Sauté your choice of vegetables in extra virgin olive oil. Once the vegetables are tender, about 10 minutes, add the garlic and The Beyond Burger. Break apart the “burgers” so they are in crumbles and mix with the vegetables. Cook for another 5 minutes. Season to taste. Enjoy as is, or top pasta, brown rice, or make a lettuce wrap with some Romaine lettuce leaves. The quantity of vegetables and Beyond Burgers you use will depend on how many people you’re feeding. One package of The Beyond Burger has two patties (2 servings), each containing 20 grams of plant protein, no soy or gluten.

Post Kitchen Coaching Tips

I recently held a kitchen coaching class, which meant a fun evening of food, learning and laughs. Some takeaways:

  • Make a crock pot full of soup on the weekend so that you have leftovers for the week.
  • Whether you are cooking for one, two or five, make extra. Package the portion you’d like to have for another meal before sitting down to eat, so the extras don’t accidentally disappear.
  • Store your olive oil in the refrigerator to keep it from going rancid. Since it will solidify, keep a small bottle at room temperature so it doesn’t delay your cooking. Rancid oils and foods produce free radicals in the body that over time may contribute to disease. (This  is  why you should not overheat oil, since the same process happens.)
  • When choosing fish, choose wild-caught varieties.

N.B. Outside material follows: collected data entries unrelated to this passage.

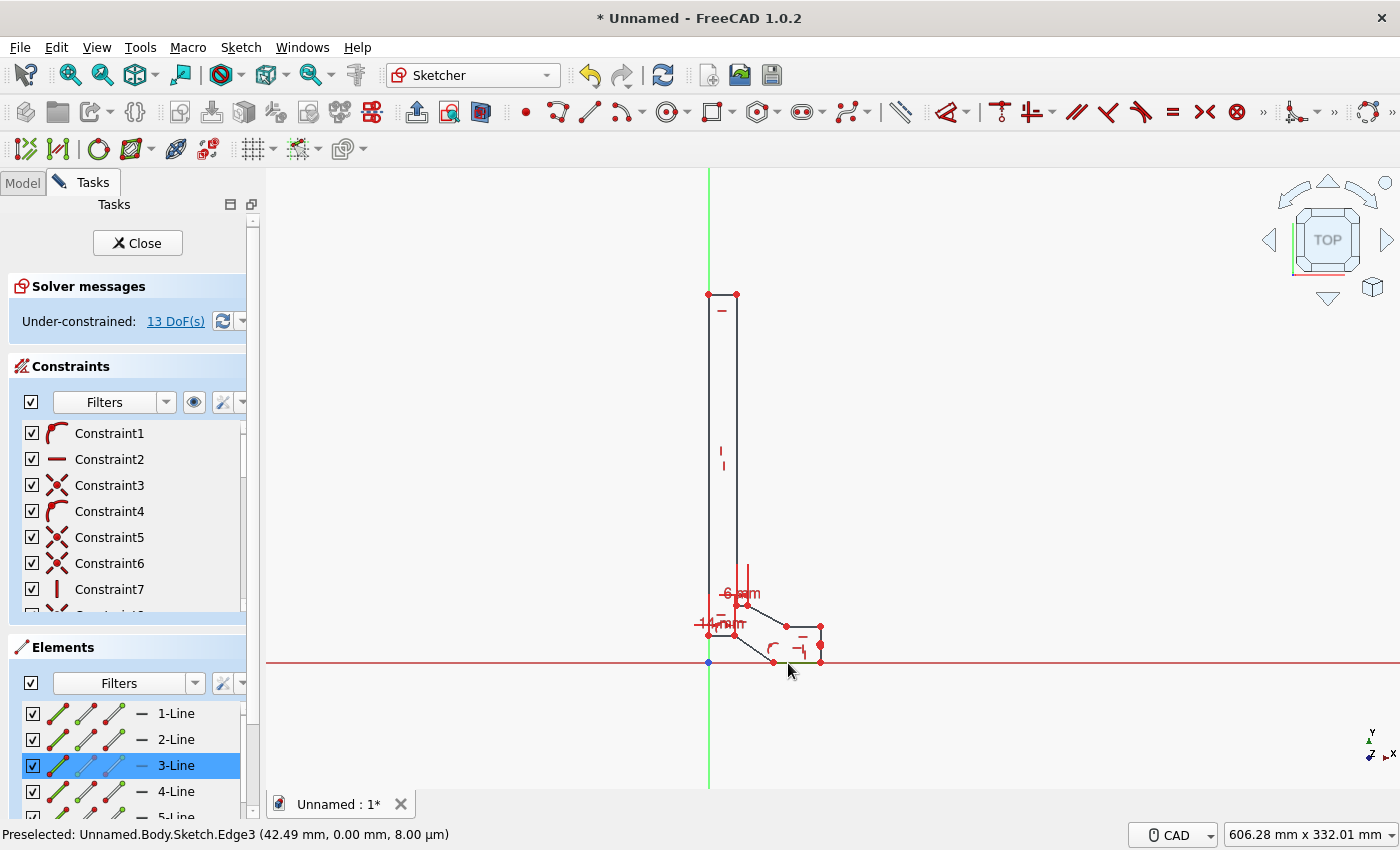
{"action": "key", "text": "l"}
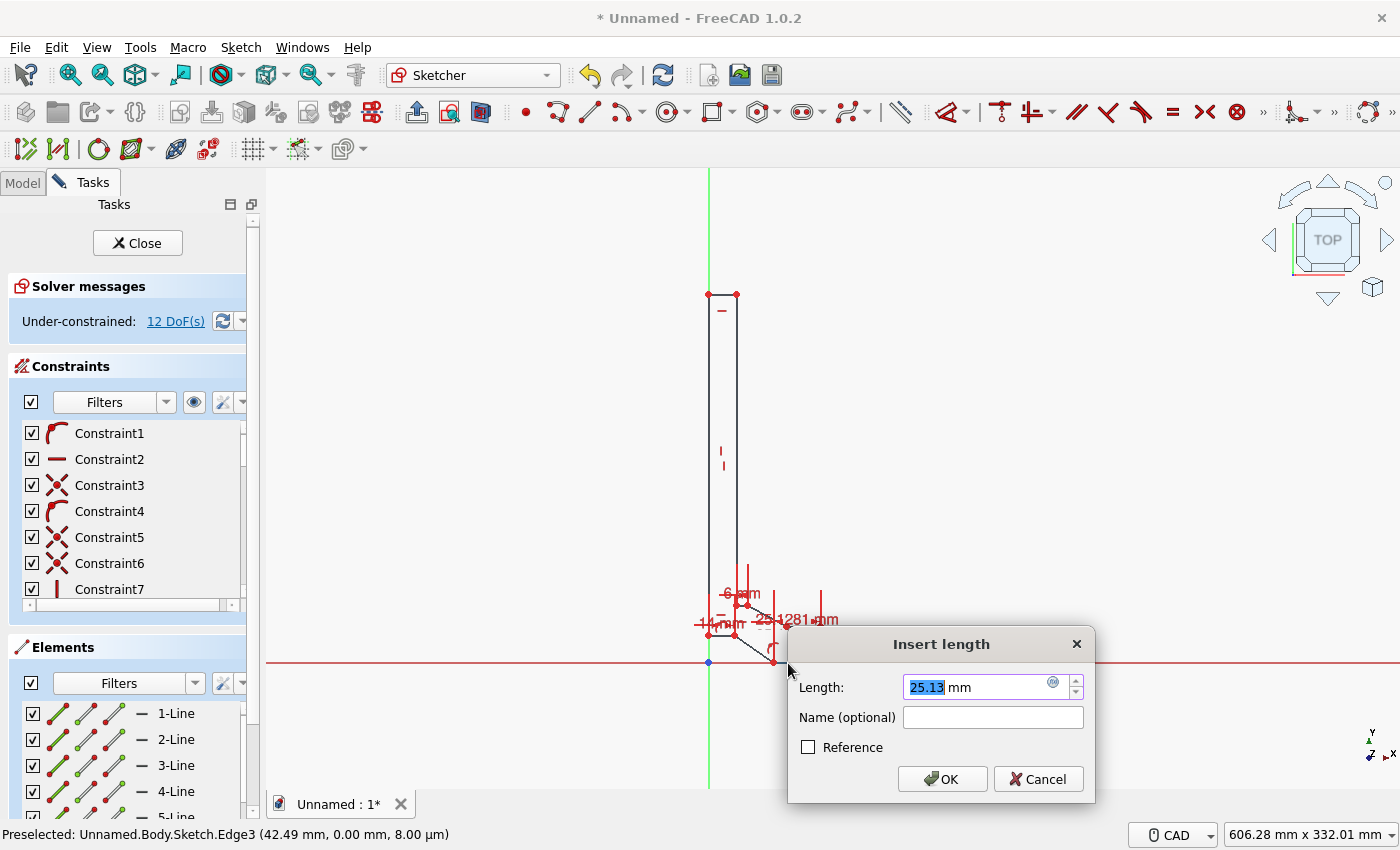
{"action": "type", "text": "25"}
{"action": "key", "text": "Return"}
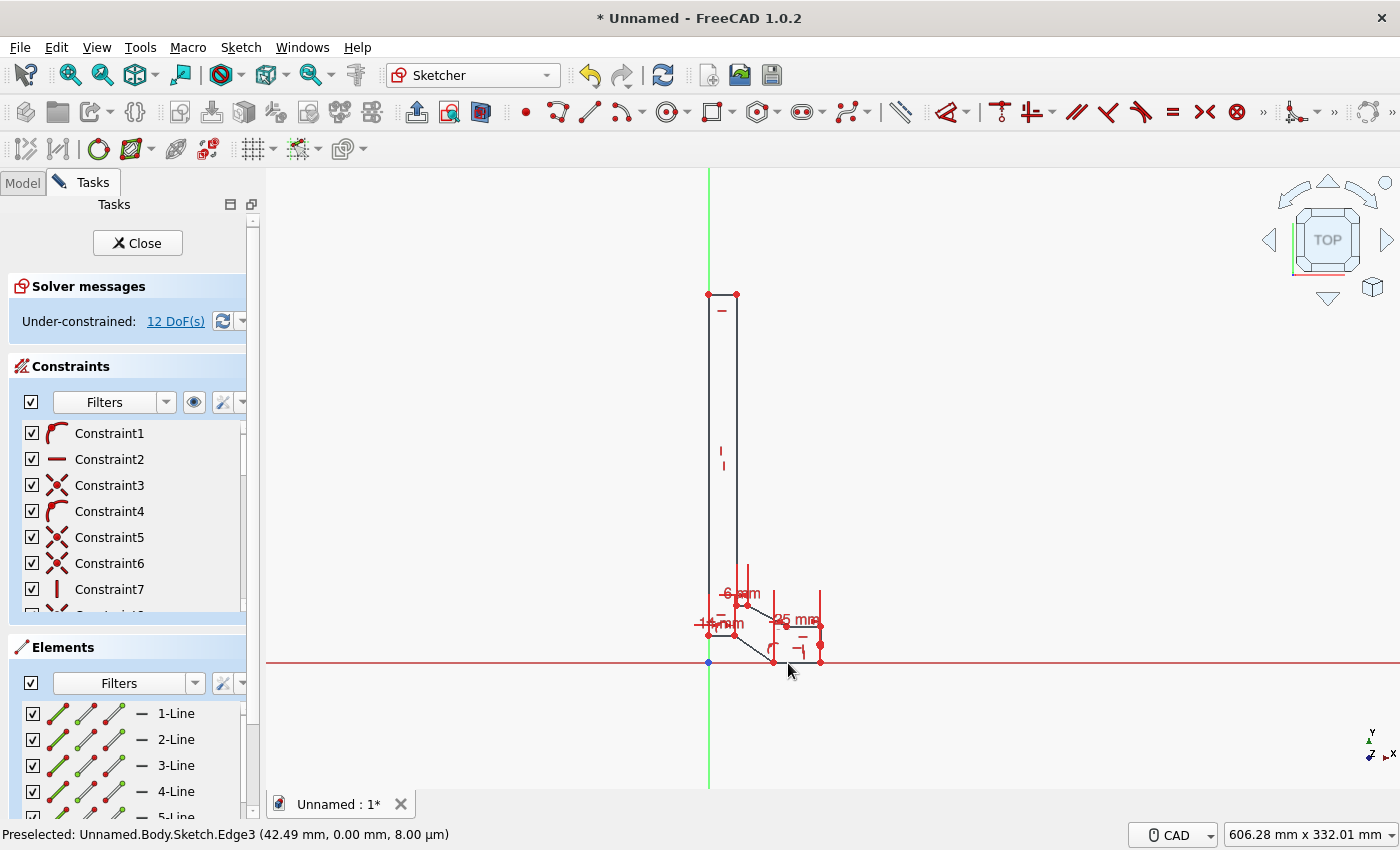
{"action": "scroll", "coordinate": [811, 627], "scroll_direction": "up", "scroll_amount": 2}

A couple reasons: these are typically higher in omega-3 fats (a good thing), and lower in pesticides and toxins, than farm-raised.
  • Keep hard boiled eggs on hand. These make a great snack, breakfast on the go, and offer extra protein when added to a salad. If peeling them is a problem for you like it is for me, you can buy them already boiled and peeled! Any leftover chicken, beef or fish may also be slightly warmed and added to a bed of greens.
  • Toss vegetables with extra virgin olive oil and Lawry’s Seasoned Salt or salt and pepper, then sauté or roast. Any combination of vegetables will work, cut in similar size pieces. Sauté for about 10 minutes or roast at 425 degrees F for about 25 minutes. Adjust time according to your liking.
  • Using chicken or beef bone broth for any recipe adds more nutrients and protein than regular broth. You could certainly make your own. I buy organic bone broth because that’s what works for me.  

The best part is knowing that there are lots of us in community practicing habits that lead to better health. Support along this journey is vital in order to make it a lifelong habit. If you have a friend who could use help, please forward this email to them.

Celebrate doing just a little bit better! Perfection? Well, I burned some of the roasted squash in Kitchen Coaching class. Next time I’ll do better.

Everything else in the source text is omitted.